Your task is to copy the stretch of lines in the records below that begins with the line containing "Example of the" and ends with the line containing "Our simulation needs", exactly as written, with nothing added.

Data excerpts:
+-------+
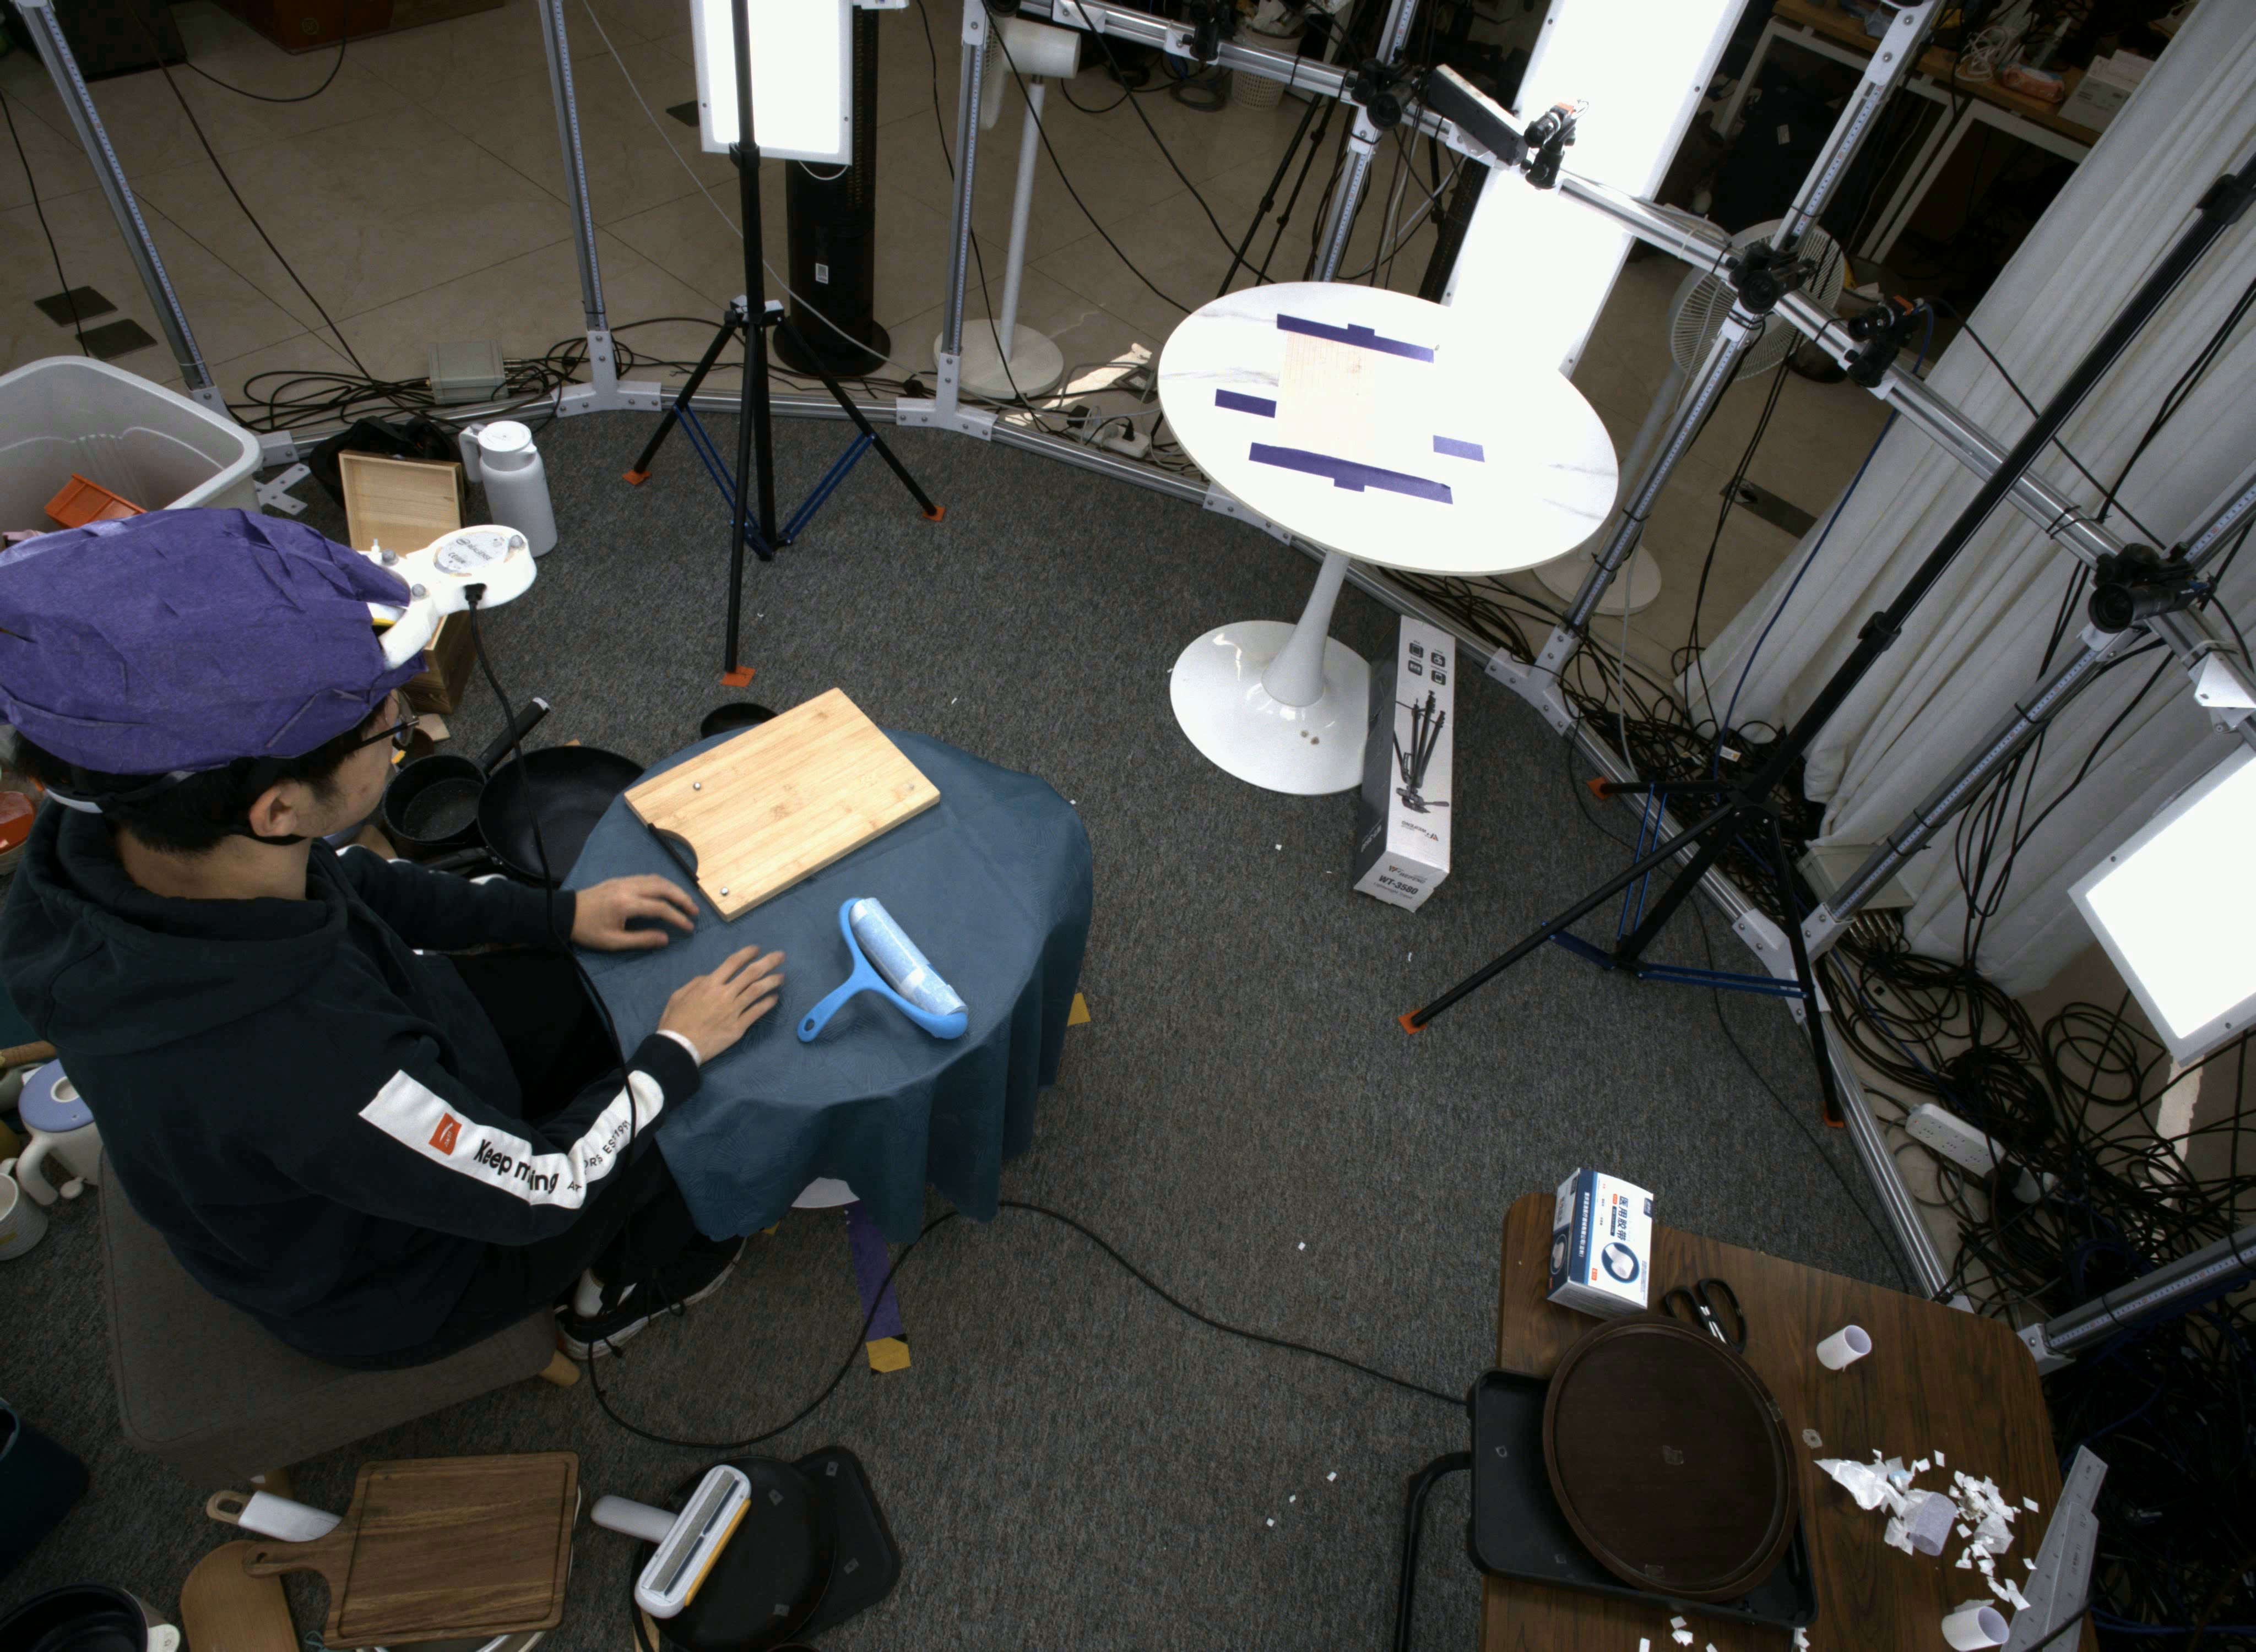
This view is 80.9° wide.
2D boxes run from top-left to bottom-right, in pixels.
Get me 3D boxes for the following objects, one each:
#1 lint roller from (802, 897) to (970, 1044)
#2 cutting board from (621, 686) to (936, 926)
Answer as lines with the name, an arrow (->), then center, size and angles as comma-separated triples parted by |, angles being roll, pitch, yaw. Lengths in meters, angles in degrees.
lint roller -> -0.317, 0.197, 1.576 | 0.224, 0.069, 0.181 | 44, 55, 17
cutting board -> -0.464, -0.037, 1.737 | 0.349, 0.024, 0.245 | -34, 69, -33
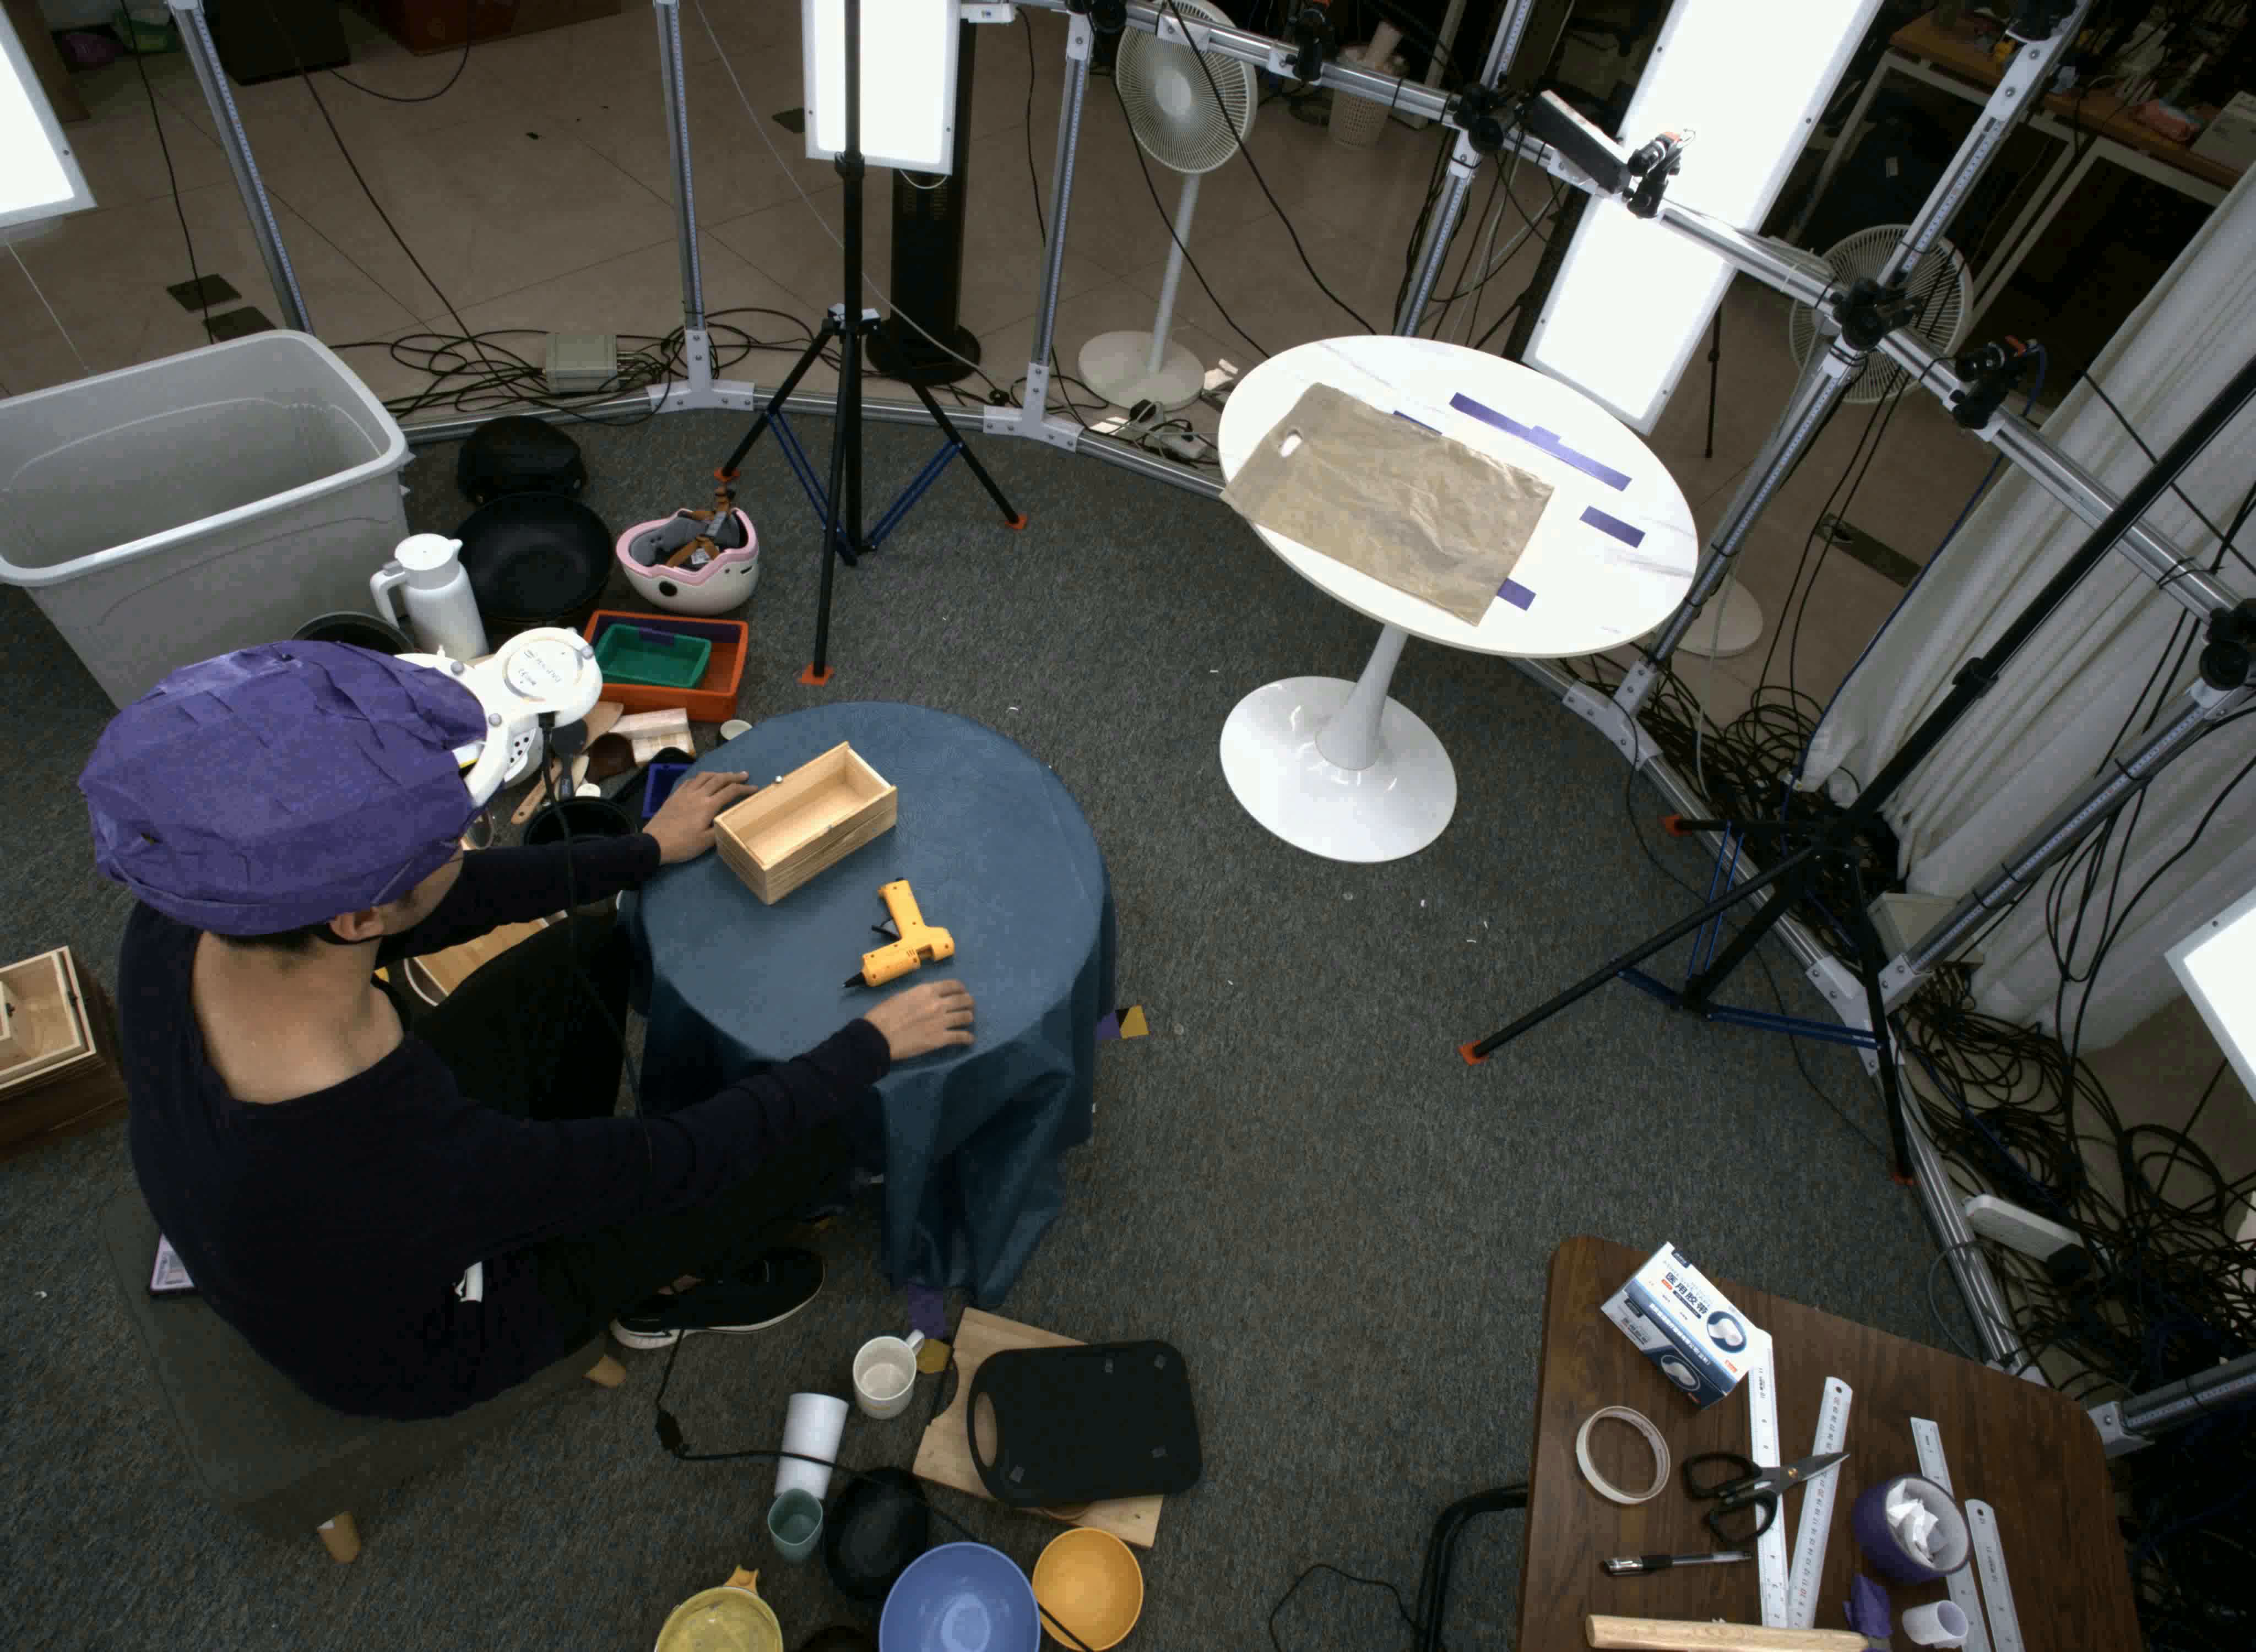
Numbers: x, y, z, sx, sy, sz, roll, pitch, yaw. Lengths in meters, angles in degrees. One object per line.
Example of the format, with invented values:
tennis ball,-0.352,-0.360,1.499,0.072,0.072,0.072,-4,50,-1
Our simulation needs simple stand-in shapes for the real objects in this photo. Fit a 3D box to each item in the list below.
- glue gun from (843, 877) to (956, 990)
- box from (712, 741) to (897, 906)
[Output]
+-------+
Answer area:
Example of the format, with invented values:
tennis ball,-0.352,-0.360,1.499,0.072,0.072,0.072,-4,50,-1
Our simulation needs simple stand-in shapes for the real objects in this photo. Fit a 3D box to each item in the list below.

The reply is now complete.